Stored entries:
■ ■ ■ ■
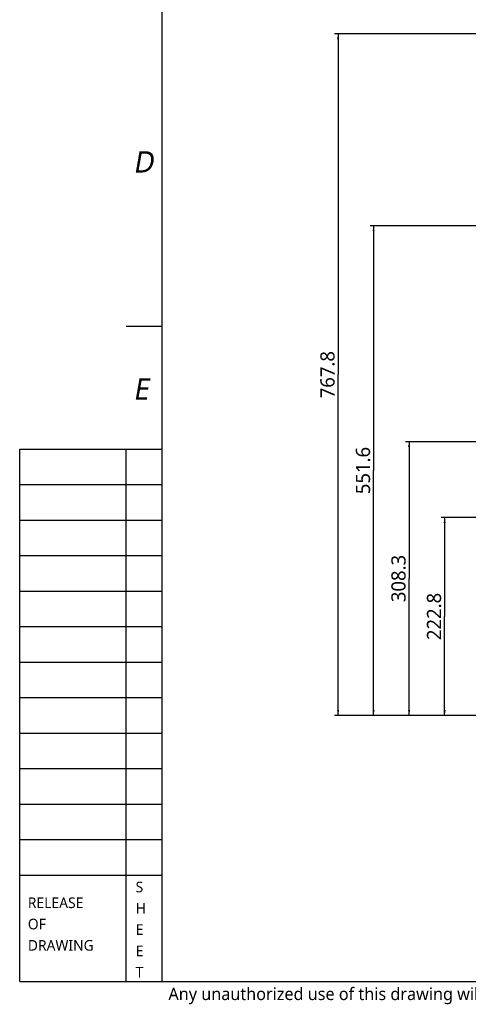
# Model space of a CAD drawing. Header units: millimetres. Extents: x 20 to 4180, y 42 to 2950.
# Tile 1 of 133: x 50 to 682, y 68 to 1455. Entities that reach past the tile are written whole.
import ezdxf

# ---------------------------------------------------------------- set-up
doc = ezdxf.new("R2010")
doc.units = ezdxf.units.MM
doc.header["$LTSCALE"] = 231.275
doc.linetypes.add('HIDDEN', pattern=[0.2, 0.1, -0.1])
doc.layers.get('0').update_dxf_attribs({"linetype": 'CONTINUOUS'})
for name, color, linetype in [('BASE_ASM_PBL1', 7, 'CONTINUOUS'), ('DEFAULT_2', 2, 'HIDDEN'), ('FRONT_VIEW_VBL0', 7, 'CONTINUOUS'), ('SCREW_ASM_PBL3', 7, 'CONTINUOUS'), ('TOP_ASM_PBL2', 7, 'CONTINUOUS')]:
    doc.layers.add(name, color=color, linetype=linetype)
doc.styles.get("Standard").update_dxf_attribs({"font": 'malgun.ttf'})
doc.styles.add('TEXTSTYLE_2', font='malgun.ttf')
doc.styles.add('TEXTSTYLE_3', font='malgun.ttf')
doc.dimstyles.new('DIMSTYLE_1', dxfattribs={"dimtxt": 20, "dimasz": 7.5, "dimexe": 1, "dimexo": 0.5, "dimgap": 1, "dimtad": 1, "dimlfac": 0.8, "dimdsep": 46, "dimtxsty": 'Standard', "dimblk": '_FILLED', "dimblk1": '_FILLED', "dimblk2": '_FILLED', "dimcen": 0.09, "dimclrt": 134, "dimazin": 2, "dimtp": 0.5, "dimtm": 0.5, "dimtfac": 1, "dimtofl": 0, "dimtmove": 0, "dimatfit": 3, "dimldrblk": '_FILLED', "dimfxl": 1, "dimtolj": 1, "dimarcsym": 0})
doc.dimstyles.new('DIMSTYLE_2', dxfattribs={"dimtxt": 20, "dimasz": 7.5, "dimexe": 1, "dimexo": 0.5, "dimgap": 1, "dimtad": 1, "dimlfac": 0.8, "dimdsep": 46, "dimtxsty": 'Standard', "dimblk": '_FILLED', "dimblk1": '_FILLED', "dimblk2": '_FILLED', "dimcen": 0.09, "dimclrt": 134, "dimazin": 2, "dimtp": 0.8, "dimtm": 0.8, "dimtfac": 1, "dimtofl": 0, "dimtmove": 0, "dimatfit": 3, "dimldrblk": '_FILLED', "dimfxl": 1, "dimtolj": 1, "dimarcsym": 0})

# ---------------------------------------------------------------- blocks, each defined once
blk = doc.blocks.new('_FILLED')
at = {"color": 0, "linetype": 'ByBlock'}
blk.add_solid([(0, 0), (-1, 0.2), (-1, -0.2)], dxfattribs=at)
blk = doc.blocks.new('*D15')
at = {"color": 134, "transparency": 16777216}
for p, q in [((755.8, 729.3), (643, 729.3)), ((648, 729.3), (648, 590.1)), ((648, 450.8), (648, 590.1)), ((1485.2, 450.8), (643, 450.8))]:
    blk.add_line(p, q, dxfattribs=at)
at = {"color": 134, "transparency": 16777216, "xscale": 7.5, "yscale": 7.5, "zscale": 7.5}
for p, rotation in [((648, 729.3), 90), ((648, 450.8), 270)]:
    blk.add_blockref('_FILLED', p, dxfattribs=dict(at, rotation=rotation))
at = {"color": 134, "transparency": 16777216, "insert": (623, 590.1), "char_height": 20, "width": 67.407, "attachment_point": 2, "rotation": 90, "line_spacing_factor": 0.9}
blk.add_mtext('222.8', dxfattribs=at)
blk = doc.blocks.new('*D16')
at = {"color": 134, "transparency": 16777216}
for p, q in [((729.5, 836.2), (593, 836.2)), ((598, 836.2), (598, 643.5)), ((598, 450.8), (598, 643.5)), ((1485.2, 450.8), (593, 450.8))]:
    blk.add_line(p, q, dxfattribs=at)
at = {"color": 134, "transparency": 16777216, "xscale": 7.5, "yscale": 7.5, "zscale": 7.5}
for p, rotation in [((598, 836.2), 90), ((598, 450.8), 270)]:
    blk.add_blockref('_FILLED', p, dxfattribs=dict(at, rotation=rotation))
at = {"color": 134, "transparency": 16777216, "insert": (573, 643.5), "char_height": 20, "width": 67.407, "attachment_point": 2, "rotation": 90, "line_spacing_factor": 0.9}
blk.add_mtext('308.3', dxfattribs=at)
blk = doc.blocks.new('*D17')
at = {"color": 134, "transparency": 16777216}
for p, q in [((703.4, 1140.3), (543, 1140.3)), ((548, 1140.3), (548, 795.6)), ((548, 450.8), (548, 795.6)), ((1485.2, 450.8), (543, 450.8))]:
    blk.add_line(p, q, dxfattribs=at)
at = {"color": 134, "transparency": 16777216, "xscale": 7.5, "yscale": 7.5, "zscale": 7.5}
for p, rotation in [((548, 1140.3), 90), ((548, 450.8), 270)]:
    blk.add_blockref('_FILLED', p, dxfattribs=dict(at, rotation=rotation))
at = {"color": 134, "transparency": 16777216, "insert": (523, 795.6), "char_height": 20, "width": 67.407, "attachment_point": 2, "rotation": 90, "line_spacing_factor": 0.9}
blk.add_mtext('551.6', dxfattribs=at)
blk = doc.blocks.new('*D18')
at = {"color": 134, "transparency": 16777216}
for p, q in [((755.8, 1410.6), (493, 1410.6)), ((498, 1410.6), (498, 930.7)), ((498, 450.8), (498, 930.7)), ((1485.2, 450.8), (493, 450.8))]:
    blk.add_line(p, q, dxfattribs=at)
at = {"color": 134, "transparency": 16777216, "xscale": 7.5, "yscale": 7.5, "zscale": 7.5}
for p, rotation in [((498, 1410.6), 90), ((498, 450.8), 270)]:
    blk.add_blockref('_FILLED', p, dxfattribs=dict(at, rotation=rotation))
at = {"color": 134, "transparency": 16777216, "insert": (473, 930.7), "char_height": 20, "width": 67.407, "attachment_point": 2, "rotation": 90, "line_spacing_factor": 0.9}
blk.add_mtext('767.8', dxfattribs=at)
blk = doc.blocks.new('BASE_ASM_PBL1', base_point=(1306.457, 940.705))
at = {"layer": 'BASE_ASM_PBL1', "color": 134}
dim = blk.add_linear_dim(base=(647.994, 729.33), p1=(1485.67, 450.83), p2=(756.336, 729.33), angle=90, dimstyle='DIMSTYLE_1', dxfattribs=at)
dim.commit()
dim.dimension.update_dxf_attribs({"geometry": '*D15', "text_midpoint": (647.994, 589.956), "dimtype": 160})
blk = doc.blocks.new('TOP_ASM_PBL2', base_point=(1005.332, 797.455))
at = {"layer": 'TOP_ASM_PBL2', "color": 134}
for base, p1, dimstyle, picture, middle in [((547.994, 450.83), (703.929, 1140.33), 'DIMSTYLE_2', '*D17', (547.994, 796.049)), ((597.994, 450.83), (730.045, 836.205), 'DIMSTYLE_1', '*D16', (597.994, 643.283))]:
    dim = blk.add_linear_dim(base=base, p1=p1, p2=(1485.67, 450.83), angle=270, dimstyle=dimstyle, dxfattribs=at)
    dim.commit()
    dim.dimension.update_dxf_attribs({"geometry": picture, "text_midpoint": middle, "dimtype": 160})
blk = doc.blocks.new('SCREW_ASM_PBL3', base_point=(980.332, 930.705))
at = {"layer": 'SCREW_ASM_PBL3', "color": 134}
dim = blk.add_linear_dim(base=(497.994, 450.83), p1=(756.295, 1410.58), p2=(1485.67, 450.83), angle=270, dimstyle='DIMSTYLE_2', dxfattribs=at)
dim.commit()
dim.dimension.update_dxf_attribs({"geometry": '*D18', "text_midpoint": (497.994, 930.507), "dimtype": 160})
blk = doc.blocks.new('FRONT_VIEW_VBL0', base_point=(1231.5, 940.7))
at = {"layer": 'BASE_ASM_PBL1'}
blk.add_blockref('BASE_ASM_PBL1', (1306.5, 940.7), dxfattribs=at)
at = {"layer": 'SCREW_ASM_PBL3'}
blk.add_blockref('SCREW_ASM_PBL3', (980.3, 930.7), dxfattribs=at)
at = {"layer": 'TOP_ASM_PBL2'}
blk.add_blockref('TOP_ASM_PBL2', (1005.3, 797.5), dxfattribs=at)

msp = doc.modelspace()

# ---------------------------------------------------------------- linework, layer by layer
at = {"color": 7}
for p, q in [((250, 2870), (250, 100)), ((50, 100), (50, 850)), ((50, 850), (250, 850)), ((200, 100), (200, 850)), ((50, 250), (250, 250)), ((50, 100), (4100, 100))]:
    msp.add_line(p, q, dxfattribs=at)
at = {"color": 134}
for p, q in [((200, 1023.333), (250, 1023.333)), ((50, 800), (250, 800)), ((50, 750), (250, 750)), ((50, 700), (250, 700)), ((50, 650), (250, 650)), ((50, 600), (250, 600)), ((50, 550), (250, 550)), ((50, 500), (250, 500)), ((50, 450), (250, 450)), ((50, 400), (250, 400)), ((50, 350), (250, 350)), ((50, 300), (250, 300))]:
    msp.add_line(p, q, dxfattribs=at)

# ---------------------------------------------------------------- block references
at = {"layer": 'FRONT_VIEW_VBL0'}
msp.add_blockref('FRONT_VIEW_VBL0', (1231.912, 964.875), dxfattribs=at)

# ---------------------------------------------------------------- texts
at = {"color": 134, "attachment_point": 1, "line_spacing_factor": 0.9, "style": 'TEXTSTYLE_2'}
for s, insert, char_height, width in [('\\Q10.0;D', (209.659, 1269.491), 30, 44.83333), ('\\Q10.0;E', (209.659, 949.705), 30, 32.33333), ('S', (213.268, 240.74), 15, 11.33333), ('RELEASE', (61.484, 218.539), 15, 80.11111), ('H', (213.268, 210.74), 15, 15.11111), ('OF', (61.484, 188.539), 15, 26.5), ('E', (213.268, 180.74), 15, 10.77778), ('DRAWING', (61.484, 158.539), 15, 97.44444), ('E', (213.268, 150.74), 15, 10.77778), ('T', (213.268, 120.74), 15, 11.11111)]:
    msp.add_mtext(s, dxfattribs=dict(at, insert=insert, char_height=char_height, width=width))
at = {"layer": 'DEFAULT_2', "color": 2, "linetype": 'HIDDEN', "insert": (259.477, 91.475), "char_height": 17.5, "width": 2402.20309, "attachment_point": 1, "line_spacing_factor": 0.9, "style": 'TEXTSTYLE_3'}
msp.add_mtext('Any unauthorized use of this drawing will be penalized since it’s designed by Global ZEUS and its confidential information. (이 도면은 제우스에서 제작된 영업비밀 이므로 무단 사용 시 법적인 처벌을 받을 수 있습니다.)', dxfattribs=at)

doc.saveas('drawing.dxf')
■ ■ ■ ■
:: Exercise instructions ::
For the records above, state the number of lines that contain "ezdxf", and provide nothing further.

:: Exercise result ::
3